Los números nos remiten nuevamente a un hecho indesmentible: nada puede ser democrático en el capitalismo. Una sociedad construída a partir de la desigualdad, o como diría Adam Smith, una sociedad que levanta a un rico a través la existencia de quinientos pobres, no puede diseminar absolutamente nada de manera igualitaria. La brutalidad del capitalismo es tal, que ni siquiera la naturaleza se desplaza por los cauces de lo necesario. El trabajador informal, el inmigrante, el pobre, debe seguir afuera tomando transporte público, cubriendo turnos en supermercados, limpiando e higienizando, intentando que el día a día no sea un fragmento contemporáneo del Decamerón. No es casual que las comunas con mayor mortalidad en el contexto de pandemia, sean precisamente aquellas con mayores índices de vulnerabilidad y pobreza multidimensional: Recoleta, Puente Alto, Conchalí, San Bernardo, entre otras.
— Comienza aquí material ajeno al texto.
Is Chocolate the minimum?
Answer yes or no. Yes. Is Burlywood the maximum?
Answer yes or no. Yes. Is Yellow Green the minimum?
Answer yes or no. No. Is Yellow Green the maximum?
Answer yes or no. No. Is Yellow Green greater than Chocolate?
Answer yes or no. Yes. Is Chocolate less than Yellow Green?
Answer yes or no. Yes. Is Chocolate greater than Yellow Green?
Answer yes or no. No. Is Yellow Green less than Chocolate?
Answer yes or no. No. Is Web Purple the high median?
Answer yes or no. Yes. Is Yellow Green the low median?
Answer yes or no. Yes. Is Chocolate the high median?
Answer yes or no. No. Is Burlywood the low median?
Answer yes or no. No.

 ¿Y la ley? Piñera y compañía han demostrado el carácter puramente trascendental, cuasi poético, de una invocación ridícula ese virtual igualitarismo de la ley. Si la naturaleza está ceñida a la inmanencia radical de un neoliberalismo que toma unas vidas y escupe otras, entonces la ley no es otra cosa que la clarificación, la creación a modo de pie de página, de una fuerza insuficiente que se supone virtuosa y correctiva, un desliz pedagógico que es invocado hoy más que nunca para decirnos entre líneas, que su problema es que coexiste con una democracia imposible, y que por lo tanto, allí donde la igualdad ha sido siempre un tropo de enciclopedia o manual de derecho, la única espera posible, es  nuevamente, la de la vida desnuda.

La teleología neoliberal es clara: devenir en tanatopolítica. Lo paradójico es que el verdadero campo de concentración, al menos ahora, no está en el encierro o en el confinamiento del trabajo a distancia, sino en ese afuera forzado donde la apuesta es el hambre o la enfermedad. Sin duda, un momento de gloria para el neoliberalismo, al fin, el individuo es el único responsable de su existencia. El laboratorio chileno demuestra lo que muchos sospechamos y era sólo cuestión de tiempo, como Cronos, el experimento nacional termina por devorar a sus hijos.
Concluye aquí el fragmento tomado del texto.